Dr. Cole Trapnell: 'One of the things we aspire to do is to build predictive models of how complex biological systems, like whole mouse embryos, will be behave.'
Editor’s Note: On December 7, 2023, UW Medicine, the Allen Institute, and the Chan Zuckerberg Initiative announced the launch of the Seattle Hub for Synthetic Biology. Among the UW Medicine researchers leading the project is Dr. Cole Trapnell, a member of BBI. Here are some of Trapnell’s initial observations about the project.
What is your role in the Seattle Hub for Synthetic Biology?
Sea-Hub has two main scientific initiatives. One centers on molecular recording technologies and using those technologies to understand areas of biological development and immunology. The second centers on using high throughput and large scale perturbation experiments, coupled with single-cell sequencing as a way of phenotyping and measuring what happens.

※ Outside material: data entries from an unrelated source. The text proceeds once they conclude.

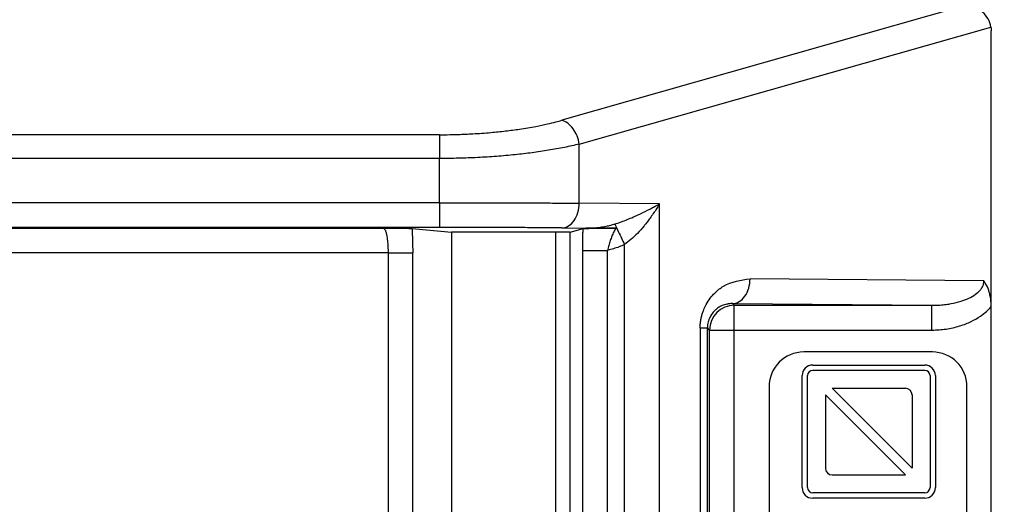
# Model space of a CAD drawing. Header units: millimetres. Extents: x 13 to 546, y 13 to 419.
# Tile 6 of 30: x 64 to 84, y 194 to 204. Entities that reach past the tile are written whole.
import ezdxf

# ---------------------------------------------------------------- set-up
doc = ezdxf.new("R2010")
doc.units = ezdxf.units.MM
doc.header["$LTSCALE"] = 2
doc.layers.add('DIMENSIONS', color=140, linetype='Continuous', lineweight=25)
doc.styles.add('SLDTEXTSTYLE0', font='TXT', dxfattribs={"width": 0.7})
doc.dimstyles.new('SLDDIMSTYLE1', dxfattribs={"dimtxt": 4.316016, "dimasz": 6.604, "dimexe": 0, "dimexo": 0.0625, "dimgap": 1.079004, "dimtad": 0, "dimtih": 1, "dimtoh": 1, "dimrnd": 1e-09, "dimzin": 4, "dimdsep": 46, "dimtxsty": 'SLDTEXTSTYLE0', "dimsah": 1, "dimcen": 0.09, "dimadec": 0, "dimazin": 1, "dimtfac": 1, "dimtmove": 0, "dimatfit": 0, "dimfxl": 0, "dimfrac": 2, "dimtolj": 1, "dimtzin": 12, "dimarcsym": 0})

# ---------------------------------------------------------------- blocks, each defined once
blk = doc.blocks.new('_D')
at = {"layer": 'DIMENSIONS'}
for p, q in [((111.751, 203.92), (111.751, 216.62)), ((85.415, 203.92), (118.101, 203.92)), ((105.338, 191.233), (103.888, 191.233)), ((103.888, 191.233), (103.888, 184.374)), ((118.163, 191.233), (119.613, 191.233)), ((119.613, 191.233), (119.613, 184.374)), ((103.888, 184.374), (105.338, 184.374)), ((119.613, 184.374), (118.163, 184.374)), ((85.415, 178.94), (118.101, 178.94)), ((111.751, 178.94), (111.751, 166.24))]:
    blk.add_line(p, q, dxfattribs=at)
for points in [[(111.751, 203.92), (112.767, 210.524), (110.735, 210.524)], [(111.751, 178.94), (110.735, 172.336), (112.767, 172.336)]]:
    blk.add_solid(points, dxfattribs=at)
at = {"layer": 'DIMENSIONS', "char_height": 4.2333, "attachment_point": 1, "style": 'SLDTEXTSTYLE0'}
for s, insert in [('25.0', (105.338, 197.656)), ('0.98', (105.338, 189.831))]:
    blk.add_mtext(s, dxfattribs=dict(at, insert=insert))

msp = doc.modelspace()

# ---------------------------------------------------------------- linework, layer by layer
for p, q in [((82.875, 203.9201), (74.7634, 201.614)), ((75.117, 201.1331), (83.4392, 203.499)), ((83.4454, 197.8471), (83.4454, 203.4201)), ((72.2886, 201.3226), (63.4053, 201.3226)), ((75.117, 199.9386), (75.117, 201.1331)), ((72.2886, 200.8417), (63.4053, 200.8417)), ((72.2886, 199.9475), (72.2886, 200.8417)), ((72.2886, 199.9475), (63.4053, 199.9475)), ((76.7383, 199.9244), (75.117, 199.9386)), ((76.7383, 182.9357), (76.7383, 199.9244)), ((60.6291, 199.4344), (71.1565, 199.4344)), ((72.2886, 199.4475), (63.4053, 199.4475)), ((71.737, 199.4272), (72.5312, 199.3551)), ((74.9314, 199.3553), (72.5312, 199.3551)), ((72.5312, 199.3551), (72.5312, 183.505)), ((74.6378, 199.3553), (74.6378, 183.5048)), ((74.7634, 199.4386), (75.247, 199.4344)), ((74.9314, 199.3553), (75.1937, 199.4267)), ((74.9314, 183.5048), (74.9314, 199.3553)), ((76.0312, 183.7572), (76.0312, 199.1029)), ((71.2518, 198.9344), (57.6685, 198.9344)), ((71.2518, 198.9344), (71.2518, 183.9257)), ((71.7495, 183.9257), (71.7495, 198.9344)), ((75.1907, 183.8752), (75.1907, 198.9849)), ((75.6904, 183.8752), (75.6904, 198.9849)), ((83.299, 198.3672), (78.5705, 198.4084)), ((78.217, 197.9085), (78.2522, 197.8733)), ((78.217, 197.9085), (82.247, 197.8733)), ((78.2522, 197.8733), (82.247, 197.8733)), ((78.2522, 197.3733), (78.2522, 197.8733)), ((83.4454, 185.013), (83.4454, 197.8471)), ((77.5618, 197.4173), (77.5618, 185.4428)), ((77.7082, 185.4428), (77.7082, 197.4173)), ((77.7522, 197.3733), (77.7082, 197.4173)), ((77.7522, 185.4868), (77.7522, 197.3733)), ((77.7522, 197.3733), (78.2522, 197.3733)), ((78.2522, 197.3733), (82.247, 197.3733)), ((78.2522, 185.4868), (78.2522, 197.3733)), ((82.2554, 196.9301), (79.6554, 196.9301)), ((79.8385, 196.6665), (82.1008, 196.6665)), ((79.8385, 196.5588), (82.1008, 196.5588)), ((79.623, 194.1887), (79.623, 196.451)), ((79.7308, 194.1887), (79.7308, 196.451)), ((82.2086, 196.451), (82.2086, 194.1887)), ((82.3163, 196.451), (82.3163, 194.1887)), ((78.9554, 196.2301), (78.9554, 186.6301)), ((81.8452, 194.5776), (80.2274, 196.1954)), ((80.2288, 196.1954), (81.7106, 196.1954)), ((82.9554, 186.6301), (82.9554, 196.2301)), ((80.0941, 196.0621), (80.0941, 196.0608)), ((80.0941, 196.0621), (81.7119, 194.4443)), ((80.0941, 196.0608), (80.0941, 194.579)), ((81.8452, 196.0608), (81.8452, 194.579)), ((80.2288, 194.4443), (81.7106, 194.4443)), ((82.1008, 194.081), (79.8385, 194.081)), ((82.1008, 193.9732), (79.8385, 193.9732))]:
    msp.add_line(p, q)
for centre, radius, start, end in [((78.2522, 197.3733), 0.5, 90.00511, 179.99489), ((79.6554, 196.2301), 0.7, 90, 180), ((82.2554, 196.2301), 0.7, 0, 90), ((79.8385, 196.451), 0.2155, 90, 180), ((79.8385, 196.451), 0.1077, 90, 180), ((82.1008, 196.451), 0.2155, 0, 90), ((82.1008, 196.451), 0.1077, 0, 90), ((80.2288, 196.0608), 0.1347, 90, 90.57294), ((81.7106, 196.0608), 0.1347, 0, 90), ((80.2288, 194.579), 0.1347, 180, 270), ((81.7106, 194.579), 0.1347, 359.42706, 0), ((81.7106, 194.579), 0.1347, 270, 270.57294), ((79.8385, 194.1887), 0.2155, 180, 270), ((79.8385, 194.1887), 0.1077, 180, 270), ((82.1008, 194.1887), 0.2155, 270, 0), ((82.1008, 194.1887), 0.1077, 270, 0)]:
    msp.add_arc(centre, radius, start, end)
for points, knots in [([(83.4392, 203.499), (83.4208, 203.6153), (83.3593, 203.7246), (83.2251, 203.8388), (83.1735, 203.8688), (83.0637, 203.9092), (83.0041, 203.9199), (82.9454, 203.92)], [0, 0, 0, 0, 0.5, 0.5, 0.75, 0.75, 1, 1, 1, 1]), ([(83.4392, 203.499), (83.441, 203.4859), (83.4446, 203.4598), (83.4451, 203.4333), (83.4454, 203.4201)], [0, 0, 0, 0, 0.5022396, 1, 1, 1, 1]), ([(72.2886, 201.3226), (72.3403, 201.3228), (72.4676, 201.3233), (72.694, 201.3284), (72.9916, 201.3413), (73.313, 201.3645), (73.6285, 201.3969), (73.9342, 201.4376), (74.2172, 201.4854), (74.4593, 201.536), (74.6322, 201.5777), (74.7248, 201.6034), (74.7634, 201.614)], [0, 0, 0, 0, 0.0560353, 0.13798, 0.2459259, 0.3822965, 0.4973731, 0.6107989, 0.750214, 0.8571865, 0.9404967, 1, 1, 1, 1]), ([(75.117, 201.1331), (75.101, 201.2455), (75.0561, 201.3576), (74.9284, 201.5313), (74.8461, 201.5923), (74.7634, 201.614)], [0, 0, 0, 0, 0.5, 0.5, 1, 1, 1, 1]), ([(72.2886, 201.3226), (72.2886, 201.2931), (72.2886, 201.2291), (72.2886, 201.057), (72.2886, 200.9495), (72.2886, 200.8417)], [0, 0, 0, 0, 0.5, 0.5, 1, 1, 1, 1]), ([(75.117, 201.1331), (75.0682, 201.1213), (74.9713, 201.0979), (74.8178, 201.0654), (74.6601, 201.035), (74.4981, 201.0069), (74.3326, 200.981), (74.1642, 200.9575), (73.9934, 200.9362), (73.7568, 200.9101), (73.449, 200.8828), (73.0662, 200.8592), (72.6784, 200.8444), (72.4182, 200.8426), (72.2886, 200.8417)], [0, 0, 0, 0, 0.06548488, 0.13018008, 0.1940912, 0.25722403, 0.31958458, 0.3811791, 0.44201405, 0.50209615, 0.62803454, 0.75295147, 0.8769163, 1, 1, 1, 1]), ([(72.2886, 199.9475), (72.3548, 199.9475), (72.4878, 199.9475), (72.6876, 199.9474), (72.8878, 199.9472), (73.0881, 199.9469), (73.2878, 199.9465), (73.4863, 199.9461), (73.6831, 199.9456), (73.8775, 199.945), (74.0689, 199.9443), (74.2567, 199.9436), (74.4403, 199.9427), (74.6189, 199.9418), (74.7919, 199.9408), (74.9592, 199.9397), (75.0643, 199.939), (75.117, 199.9386)], [0, 0, 0, 0, 0.0632582, 0.1270032, 0.1912352, 0.2559541, 0.3211599, 0.3868526, 0.4530323, 0.5196989, 0.5868524, 0.6544929, 0.7226204, 0.7912349, 0.8603363, 0.9299246, 1, 1, 1, 1]), ([(72.2886, 199.9475), (72.2886, 199.8174), (72.2886, 199.688), (72.2886, 199.5031), (72.2886, 199.4487), (72.2886, 199.4475)], [0, 0, 0, 0, 0.5, 0.5, 1, 1, 1, 1]), ([(74.7634, 199.4386), (74.8556, 199.4394), (74.9473, 199.4937), (75.0781, 199.6786), (75.1164, 199.8082), (75.117, 199.9386)], [0, 0, 0, 0, 0.5, 0.5, 1, 1, 1, 1]), ([(75.8348, 199.5169), (75.8704, 199.5285), (75.9461, 199.5532), (76.061, 199.5964), (76.1842, 199.6468), (76.3329, 199.7132), (76.5248, 199.8057), (76.6597, 199.8807), (76.7383, 199.9244)], [0, 0, 0, 0, 0.1019956, 0.2167635, 0.3444349, 0.4851051, 0.7001963, 1, 1, 1, 1]), ([(76.7383, 199.9244), (76.7146, 199.8849), (76.67, 199.8105), (76.6002, 199.7065), (76.5362, 199.6172), (76.4793, 199.5425), (76.4016, 199.4462), (76.2985, 199.3325), (76.1663, 199.2056), (76.0743, 199.1357), (76.0312, 199.1029)], [0, 0, 0, 0, 0.1349917, 0.2538661, 0.3566266, 0.4432794, 0.5138361, 0.6958541, 0.8576469, 1, 1, 1, 1]), ([(75.247, 199.4344), (75.2987, 199.4353), (75.396, 199.4369), (75.5326, 199.4509), (75.6502, 199.4701), (75.749, 199.4917), (75.8081, 199.5091), (75.8348, 199.5169)], [0, 0, 0, 0, 0.2603593, 0.4905069, 0.6904666, 0.8602763, 1, 1, 1, 1]), ([(71.1565, 199.4344), (71.2206, 199.4339), (71.3189, 199.4332), (71.4399, 199.4322), (71.5289, 199.4313), (71.6082, 199.4304), (71.6733, 199.4294), (71.7189, 199.4283), (71.7311, 199.4276), (71.737, 199.4272)], [0, 0, 0, 0, 0.2427257, 0.3722279, 0.4883073, 0.6286234, 0.7588474, 0.8816003, 1, 1, 1, 1]), ([(71.1565, 199.4344), (71.161, 199.4332), (71.1697, 199.431), (71.1819, 199.4164), (71.1928, 199.3961), (71.2024, 199.3713), (71.2108, 199.344), (71.218, 199.3158), (71.2285, 199.2657), (71.2401, 199.1835), (71.2499, 199.0616), (71.2512, 198.9762), (71.2518, 198.9344)], [0, 0, 0, 0, 0.0913776, 0.1762685, 0.254673, 0.326592, 0.3920275, 0.4509829, 0.5034635, 0.6754821, 0.8408842, 1, 1, 1, 1]), ([(74.7634, 199.4386), (74.7161, 199.439), (74.6217, 199.4398), (74.4712, 199.4409), (74.315, 199.4419), (74.1525, 199.4429), (73.9839, 199.4437), (73.809, 199.4445), (73.5839, 199.4454), (73.3058, 199.4463), (72.9727, 199.447), (72.6328, 199.4475), (72.4037, 199.4475), (72.2886, 199.4475)], [0, 0, 0, 0, 0.0719829, 0.1434066, 0.2144959, 0.2854785, 0.3565834, 0.4280384, 0.5000678, 0.6256259, 0.7499857, 0.8743698, 1, 1, 1, 1]), ([(75.1907, 198.9849), (75.1907, 199.0151), (75.1907, 199.0754), (75.1911, 199.1651), (75.1917, 199.2538), (75.1926, 199.3415), (75.1933, 199.3981), (75.1937, 199.4267)], [0, 0, 0, 0, 0.1990184, 0.3970998, 0.5956804, 0.7961855, 1, 1, 1, 1]), ([(75.1937, 199.4267), (75.1964, 199.4274), (75.2163, 199.4281), (75.2857, 199.4295), (75.3341, 199.4301), (75.4545, 199.4311), (75.5271, 199.4315), (75.6898, 199.4319), (75.7782, 199.4318), (75.8554, 199.4315)], [0, 0, 0, 0, 0.25, 0.25, 0.5, 0.5, 0.75, 0.75, 1, 1, 1, 1]), ([(75.8554, 199.4315), (75.8074, 199.4317), (75.7033, 199.4321), (75.5588, 199.4328), (75.4043, 199.4336), (75.3046, 199.4341), (75.247, 199.4344)], [0, 0, 0, 0, 0.2311991, 0.5010962, 0.7121021, 1, 1, 1, 1]), ([(75.8554, 199.4314), (75.8414, 199.4066), (75.813, 199.3566), (75.7758, 199.273), (75.7425, 199.1821), (75.7133, 199.0855), (75.698, 199.0183), (75.6904, 198.9849)], [0, 0, 0, 0, 0.195686, 0.395446, 0.5975056, 0.7997849, 1, 1, 1, 1]), ([(76.0312, 199.1029), (75.9952, 199.0868), (75.9227, 199.0544), (75.8087, 199.0151), (75.7301, 198.9951), (75.6904, 198.9849)], [0, 0, 0, 0, 0.3269033, 0.6596752, 1, 1, 1, 1]), ([(71.2518, 198.9344), (71.3747, 198.9344), (71.497, 198.9344), (71.679, 198.9344), (71.7378, 198.9344), (71.7495, 198.9344)], [0, 0, 0, 0, 0.5, 0.5, 1, 1, 1, 1]), ([(75.1907, 198.9849), (75.1948, 198.9849), (75.2504, 198.9849), (75.4347, 198.9849), (75.5622, 198.9849), (75.6904, 198.9849)], [0, 0, 0, 0, 0.5, 0.5, 1, 1, 1, 1]), ([(77.5618, 197.4173), (77.5623, 197.4424), (77.5635, 197.4927), (77.5727, 197.5677), (77.587, 197.6417), (77.607, 197.7145), (77.6365, 197.7993), (77.709, 197.9502), (77.8413, 198.1206), (78.1323, 198.3498), (78.3852, 198.3836), (78.5705, 198.4084)], [0, 0, 0, 0, 0.0394238, 0.0790528, 0.1191494, 0.1599297, 0.2015676, 0.2674219, 0.4454039, 0.5933983, 1, 1, 1, 1]), ([(78.217, 197.9085), (78.3092, 197.9093), (78.4008, 197.9635), (78.5316, 198.1485), (78.57, 198.2781), (78.5705, 198.4084)], [0, 0, 0, 0, 0.5, 0.5, 1, 1, 1, 1]), ([(82.247, 197.8733), (82.3001, 197.8742), (82.3966, 197.8759), (82.5262, 197.8892), (82.6698, 197.9114), (82.824, 197.9485), (82.9905, 198.0111), (83.124, 198.0862), (83.216, 198.1664), (83.2675, 198.2405), (83.2942, 198.3032), (83.2974, 198.3463), (83.299, 198.3672)], [0, 0, 0, 0, 0.1285639, 0.233576, 0.3150428, 0.4802422, 0.6154485, 0.742278, 0.84485, 0.9012231, 0.9521444, 1, 1, 1, 1]), ([(83.4454, 197.8471), (83.4448, 197.8754), (83.4438, 197.9273), (83.4362, 197.9978), (83.4266, 198.0549), (83.4165, 198.1004), (83.3959, 198.1767), (83.3614, 198.2707), (83.3174, 198.3386), (83.299, 198.3672)], [0, 0, 0, 0, 0.147908, 0.2708224, 0.3720471, 0.454313, 0.5197928, 0.7983426, 1, 1, 1, 1]), ([(78.217, 197.9085), (78.1932, 197.9079), (78.1484, 197.9069), (78.0854, 197.8947), (78.0308, 197.8779), (77.9848, 197.8581), (77.9469, 197.8376), (77.9167, 197.8179), (77.8934, 197.8003), (77.8764, 197.786), (77.8651, 197.7756), (77.8368, 197.7484), (77.7946, 197.699), (77.7501, 197.6192), (77.7244, 197.5446), (77.7108, 197.4819), (77.7091, 197.4384), (77.7082, 197.4173)], [0, 0, 0, 0, 0.1197007, 0.2261159, 0.3185619, 0.3970756, 0.4621938, 0.5147486, 0.5556897, 0.5859541, 0.6063329, 0.6173845, 0.7413426, 0.846289, 0.9020018, 0.9524691, 1, 1, 1, 1]), ([(82.247, 197.3733), (82.2949, 197.3744), (82.3903, 197.3764), (82.5319, 197.3928), (82.6706, 197.4183), (82.8049, 197.4536), (82.9283, 197.4956), (83.0708, 197.5578), (83.2127, 197.6395), (83.3479, 197.7428), (83.4149, 197.8144), (83.4454, 197.8471)], [0, 0, 0, 0, 0.1082279, 0.2157513, 0.3221481, 0.4269701, 0.5297674, 0.6167167, 0.7784486, 0.8990355, 1, 1, 1, 1])]:
    msp.add_open_spline(points, degree=3, knots=knots)
for points in [[(75.8348, 199.5169), (75.8513, 199.482), (75.9071, 199.3645), (75.9898, 199.1902), (76.0312, 199.1029)], [(71.737, 199.4272), (71.7451, 199.2778), (71.7495, 199.106), (71.7495, 198.9344)], [(82.247, 197.3733), (82.247, 197.5035), (82.247, 197.7627), (82.247, 197.8722), (82.247, 197.8733)], [(77.5618, 197.4173), (77.6533, 197.4173), (77.7071, 197.4173), (77.7082, 197.4173)]]:
    msp.add_open_spline(points, degree=3)

# ---------------------------------------------------------------- dimensions: what is measured, and where the dimension line sits
at = {"layer": 'DIMENSIONS'}
dim = msp.add_linear_dim(base=(111.7505, 178.9401), p1=(82.875, 203.9201), p2=(82.875, 178.9401), angle=90, dimstyle='SLDDIMSTYLE1', dxfattribs=at)
dim.commit()
dim.dimension.update_dxf_attribs({"geometry": '_D', "text_midpoint": (111.7505, 191.2331), "dimtype": 160})

doc.saveas('drawing.dxf')

In the first initiative, we’re trying to understand how to install devices that allow us to record or even rewire how genomes work. And in the second, we are trying to perturb the genome and use single-cell molecular profiling to understand how the genome works, particularly in the context of development. As one of Sea-Hub’s scientific co-directors, I’ll be leading the second initiative. Dr. Marion Pepper is the other; Dr. Jay Shendure is the overall scientific director. My focus is the genetic perturbation and single-cell analysis.
How will artificial intelligence be used?
AI will play a central role. One of the things we aspire to do is to build predictive models of how complex biological systems, like whole mouse embryos, will behave. Then, we subject those embryos to systems with different kinds of perturbations. For example, introducing disease-causing mutations or environmental stresses, or with drugs. In the state of affairs right now, it’s hard to make forecasts of what biology is going to do.
There has been tremendous progress in machine learning over the past few years. AI systems are now able to make forecasts about things that were incredibly hard to do even a few years ago. But one thing is very clear: In order to work well, those AI systems need a mountain of training data. AI systems are taught how to make predictions by showing them examples. In something like ChatGPT, the training data is all publicly available text on the Internet. If you want to teach an AI system to make predictions about biology, you have to give it measurements of biological systems.
You have to say to the AI, “When I messed with this gene, this happened, and I messed with this other gene, this happened. OK, now you know how that works. So, what happens when I mess with this third gene that you’ve never seen before.” We are going to be generating a mountain of data from experiments in the lab and then feeding that data into systems that we can use to make forecasts on what the embryo is going to do. We’re also going to be doing these experiments in multiple animal models and human stem-cell systems, and we plan to train AI systems to make predictions about human biology based on animal data. That will give us a better understanding of human mutations and diseases that are very difficult to study in the lab.
This is an extraordinary scientific undertaking – building new technologies to record the history of cells over time. Can this be accomplished in only five years?
When I very first started my lab, about 10 years ago, we were at the outset of another daunting technical challenge: measuring what goes on inside all the different kinds of cells from the human body, or from animals used in disease research, like zebrafish.
At that time, we could sequence a handful of individual cells, say a few hundred, for thousands of dollars. And we could only do it in cells that we grew in dishes, or that were from very particular samples. Five years later, in 2019, Jay’s lab and mine – together with our collaborators – sequenced millions of cells from whole mouse embryos at a similar cost. So, in five years, the size and scale of single-cell experiments that were possible for a given budget went up exponentially. And the technology continues to become even more powerful. We can now sequence millions of cells from thousands of specimens in just one experiment. This is the kind of scale that will unlock AI and other advanced analysis tools to really understand how our genomes are wired.
The rate of technological progress has been incredible. Not just us at the UW, but everywhere. And yet, if you had told me things would go this quickly when I started my lab, I would not have believed you. It’s reassuring at moments like this when you have what seems to be an enormous technological task in front of you to look at the expansion of throughput in genome sequencing and the expansion of single cell technology. Now, we are at a similar moment where we need to expand our capacity to record biological histories inside cells and write them into the genome. We need to perturb the genome in myriad ways to see how those perturbations impacts how they work (or don’t work). And we need to distill that vast amount of data down into knowledge – into descriptions that people can understand of how cells and genomes and embryos work. We are going to need technological leaps like what we’ve seen in single-cell sequencing to achieve what we want to achieve at the Sea-Hub. But I think past will be prologue.